Ex-commanders, Taliban win seats
The results of the September 18 vote for the 249-seat lower house, or Wolesi Jirga, and councils in all 34 provinces were finally released on Saturday, after being delayed by a slow count and accusations of vote fraud.
"We have now completed certification of all final results for both the Wolesi Jirga and the provincial council elections," said a statement by Bissmillah Bissmil, chairman of the UN-Afghan Joint Electoral Management Body.
Parliament is expected to sit for the first time next month in a renovated old assembly building.
One of parliament's key jobs will be to approve or veto the nomination of cabinet members. An election for a new upper house is expected to be completed by the end of this month.
Bissmil described the polls, the first in decades in war-torn Afghanistan, as a milestone in the country's transition to democracy.

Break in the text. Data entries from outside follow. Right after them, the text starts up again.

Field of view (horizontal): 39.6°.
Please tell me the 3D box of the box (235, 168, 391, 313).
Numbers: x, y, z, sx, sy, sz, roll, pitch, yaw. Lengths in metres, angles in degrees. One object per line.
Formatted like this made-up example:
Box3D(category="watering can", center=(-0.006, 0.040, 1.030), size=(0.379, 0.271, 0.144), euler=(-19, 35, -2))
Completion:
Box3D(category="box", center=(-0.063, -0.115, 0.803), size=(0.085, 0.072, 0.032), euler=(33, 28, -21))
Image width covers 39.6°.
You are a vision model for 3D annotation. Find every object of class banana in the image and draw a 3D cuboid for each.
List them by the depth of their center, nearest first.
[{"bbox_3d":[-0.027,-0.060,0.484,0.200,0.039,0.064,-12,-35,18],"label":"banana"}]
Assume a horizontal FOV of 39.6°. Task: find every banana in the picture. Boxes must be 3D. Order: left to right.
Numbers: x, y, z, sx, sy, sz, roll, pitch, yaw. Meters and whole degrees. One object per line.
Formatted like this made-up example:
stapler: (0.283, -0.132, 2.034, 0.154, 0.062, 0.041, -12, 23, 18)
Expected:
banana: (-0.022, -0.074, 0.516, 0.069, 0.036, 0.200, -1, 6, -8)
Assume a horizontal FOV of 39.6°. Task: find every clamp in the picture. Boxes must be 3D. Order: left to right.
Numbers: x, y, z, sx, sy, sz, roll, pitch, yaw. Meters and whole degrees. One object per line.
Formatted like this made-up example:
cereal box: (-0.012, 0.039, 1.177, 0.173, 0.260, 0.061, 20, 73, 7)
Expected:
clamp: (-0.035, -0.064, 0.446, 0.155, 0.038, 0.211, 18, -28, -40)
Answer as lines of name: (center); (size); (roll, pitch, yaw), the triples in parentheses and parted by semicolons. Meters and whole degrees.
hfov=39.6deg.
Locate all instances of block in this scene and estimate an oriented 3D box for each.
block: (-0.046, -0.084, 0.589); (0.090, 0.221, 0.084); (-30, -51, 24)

The UN-organised elections were held on a non-party basis, with all 5,800 candidates running as independents, raising fears that a fragmented parliament will emerge, with members focused on parochial issues as they compete for government resources.
President Hamid Karzai has no political party and stayed out of the fray, although several supporters, including two relatives, won parliamentary seats.
Yunus Qanuni, leader of an alliance of parties opposed to the US-backed president, also won a seat. The former interior and education minister in Karzai's government came a distant second to Karzai in the October 2004 presidential election.